25The Board observes that the effect of the Divisional Court ruling was to uphold that if the land has been correctly identified on the Assessment Roll as condominium units, and a current value has been reported for each of these units, then a s. 33 omitted assessment cannot be issued on a subsequent date, because, at that time, there is no longer is an omission on the Assessment Roll, even if the reported current value is incorrect.
26As noted above, the Divisional Court found that, in light of the above finding, it was unnecessary to consider whether deliberate omissions are captured by s. 33. Consequently, this Divisional Court ruling indicates that the ruling by the Superior Court on this point is obiter dicta, i.e, it is a finding which was not required in order to decide the case at hand, and, therefore, it is not a binding ruling that must be applied by the Board in future cases.

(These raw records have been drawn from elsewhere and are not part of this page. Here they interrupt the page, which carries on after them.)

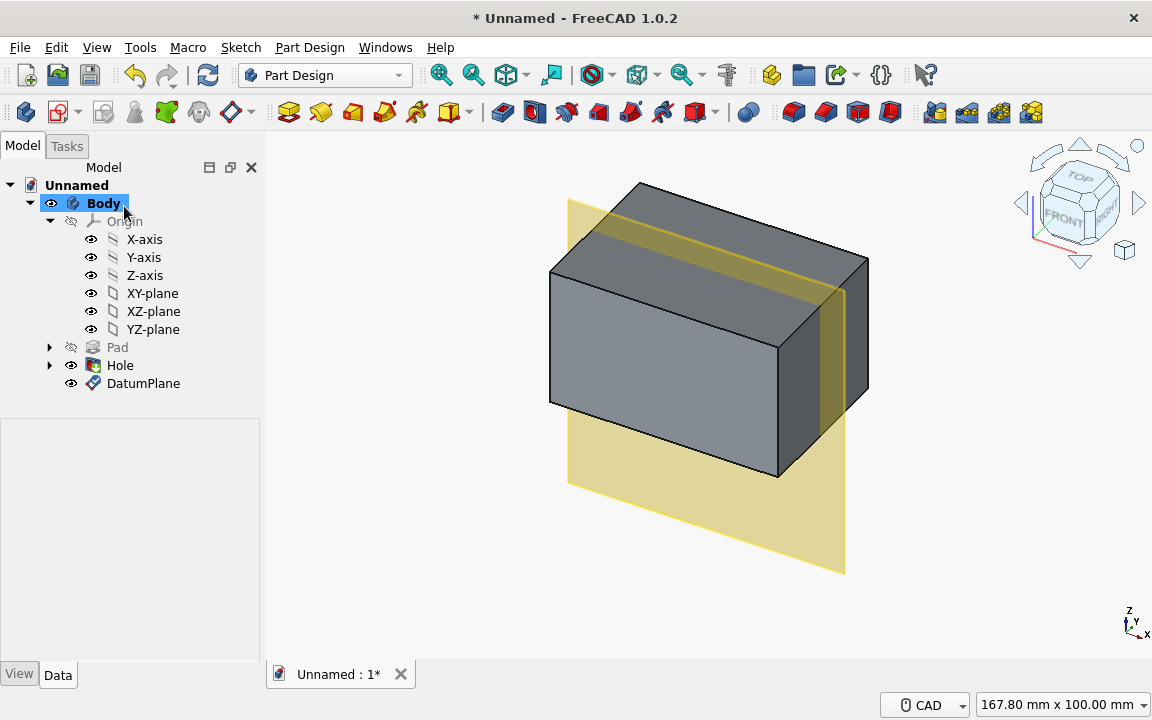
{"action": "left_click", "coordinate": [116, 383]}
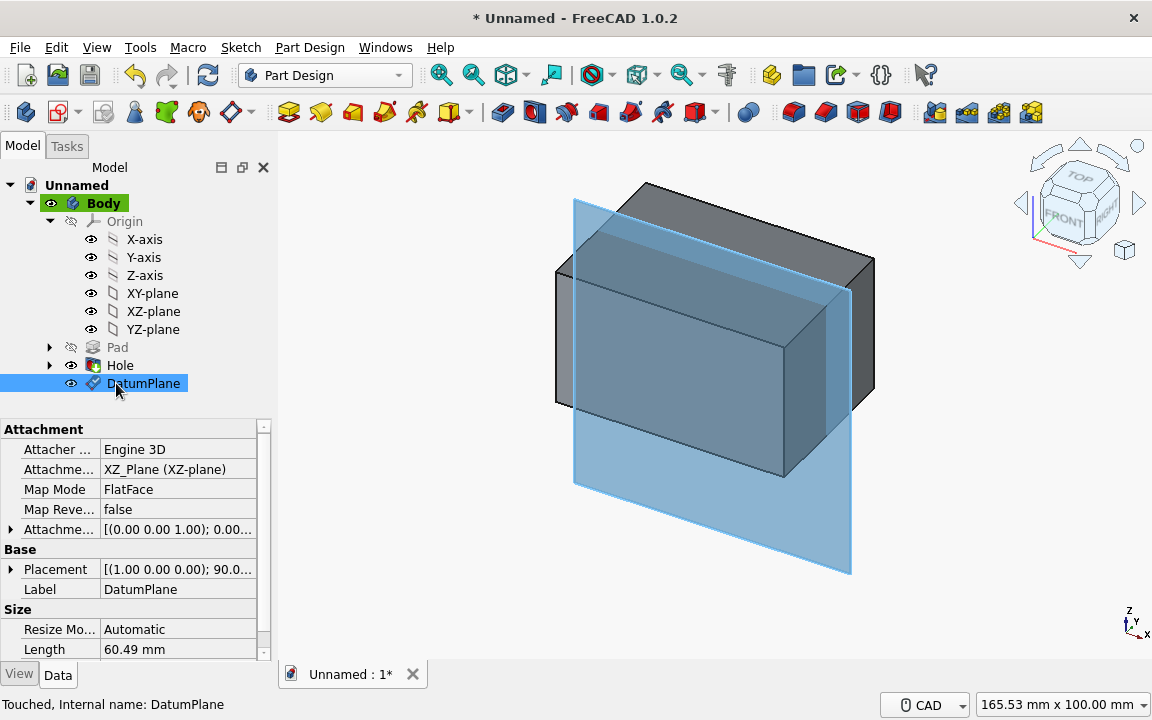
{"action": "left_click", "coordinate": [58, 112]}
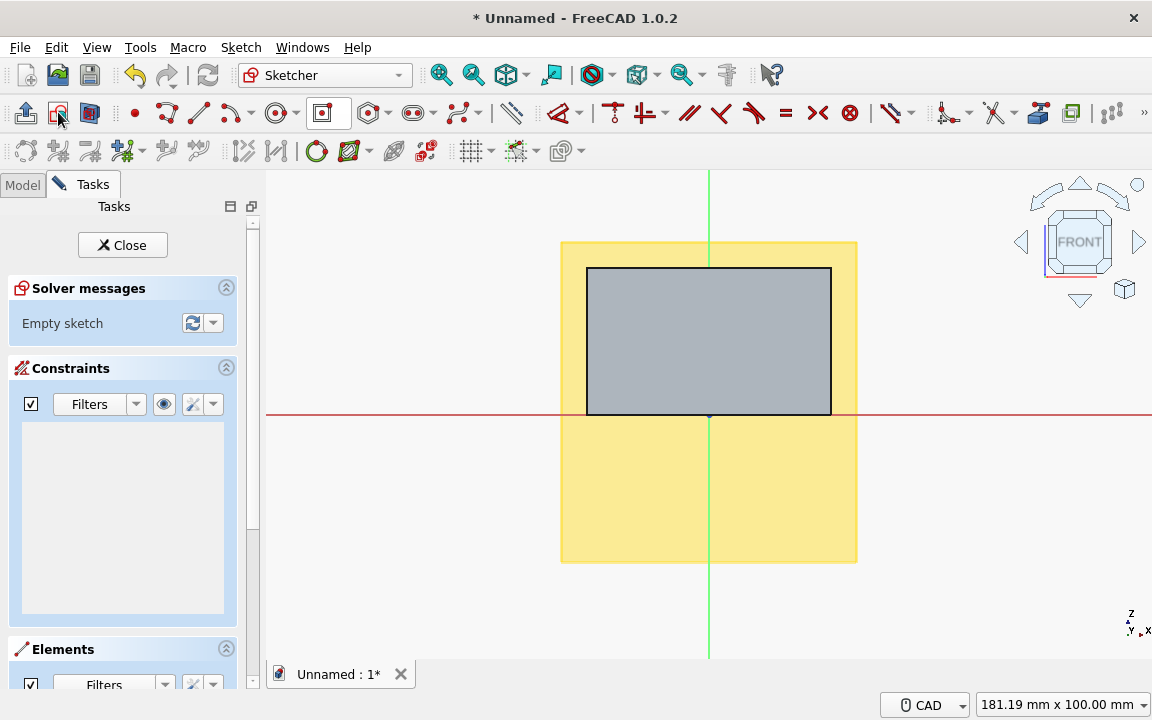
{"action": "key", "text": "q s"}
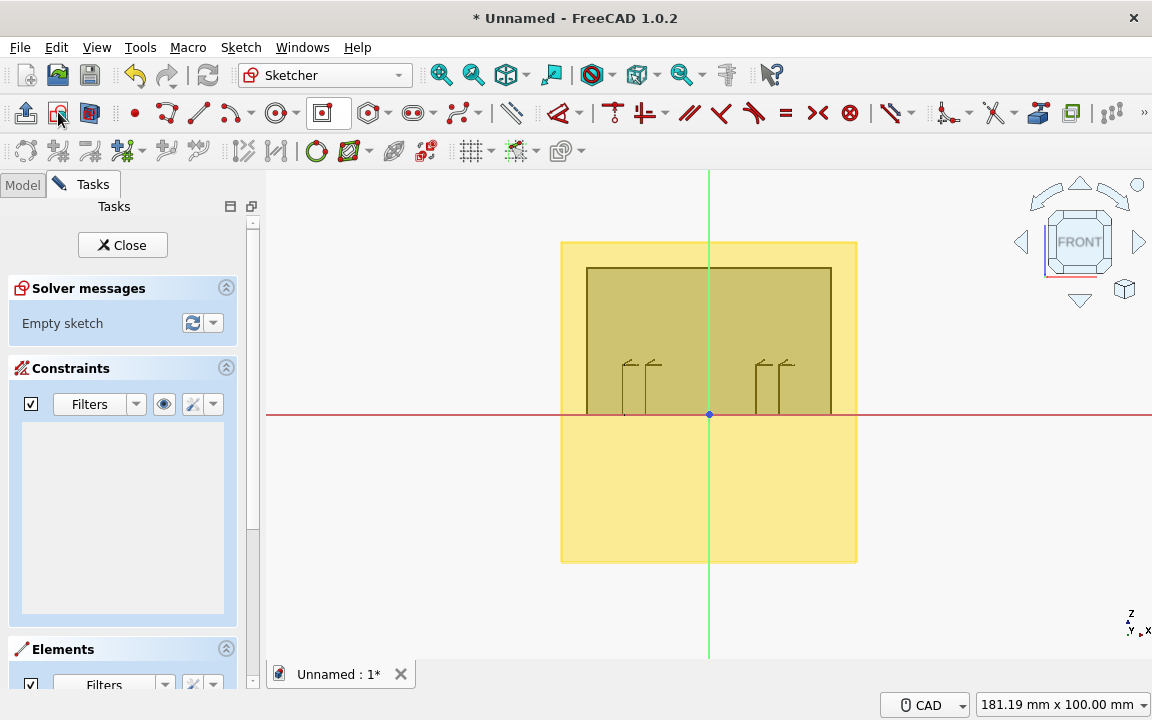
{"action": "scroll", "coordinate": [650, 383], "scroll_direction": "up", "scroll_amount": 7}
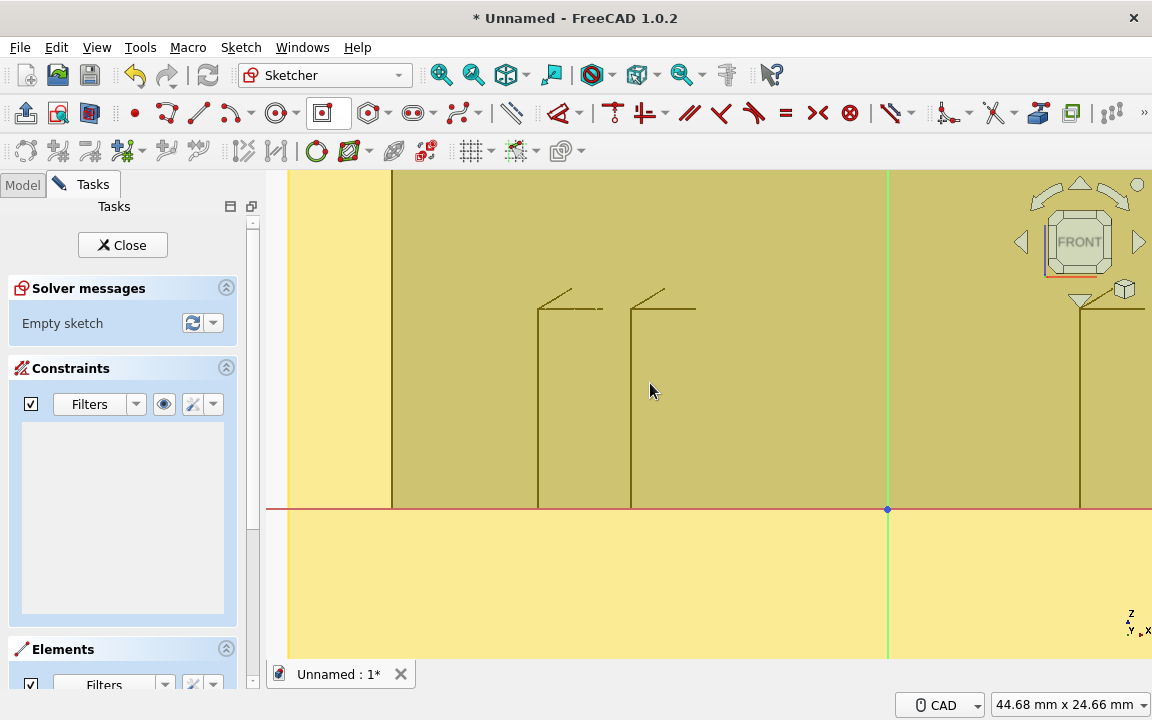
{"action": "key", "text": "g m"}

27Furthermore, in Bona Building & Management Company Limited v Municipal Property Assessment Corporation, 2015 ONSC 7824, the Superior Court of Justice addressed the Superior Court decision in East of Bay stating, at paragraph 31:
31The conclusions of the court in East of Bay are specific to the facts of that case. I do not accept that East of Bay does or intends to impose an obligation upon MPAC to explain how or why a property was omitted from the tax rolls.
28Turning to the facts of this case, the Board observes that the factual circumstances in this case are not the same as the circumstances in East of Bay. In East of Bay, MPAC's first s. 33 omitted assessment added the new condominium units to the Assessment Roll together with a reported current value for each unit. In this case, MPAC's first s. 33 omitted assessment did not add the new condominium units to the Assessment Roll. Instead, the s. 33 omitted assessment only changed the reported current value of the Subject Property based on the construction of the new buildings. For this reason, the Board finds that the factual circumstances in the case at hand are different from the factual circumstances before the Court in East of Bay. Therefore, East of Bay must be distinguished from the case at hand.
29However, the Board must follow Divisional Court ruling respecting the scope of the application of s. 33, i.e. if there is no omission on the Assessment Roll, because the Assessment Roll has been corrected earlier, then a further omitted assessment cannot be issued to correct the current value. Therefore, it remains an open question whether, in the circumstances of this case, the application of this ruling will produce the same result as in East of Bay, i.e. whether MPAC had the authority to issue the second s. 33 omitted assessments in September, 2019.
30The Appellant submits that the finding in East of Bay applies, because the May 2019 s. 33 assessment did identify every part of the land “liable to assessment”. Therefore, once the May 2019 assessment was issued, there was no further omission to be corrected for the 2019 taxation year. For this reason, the Appellant argues that s. 33 does not provide MPAC with the authority to issue the second September 2019 s. 33 assessments in respect of this land.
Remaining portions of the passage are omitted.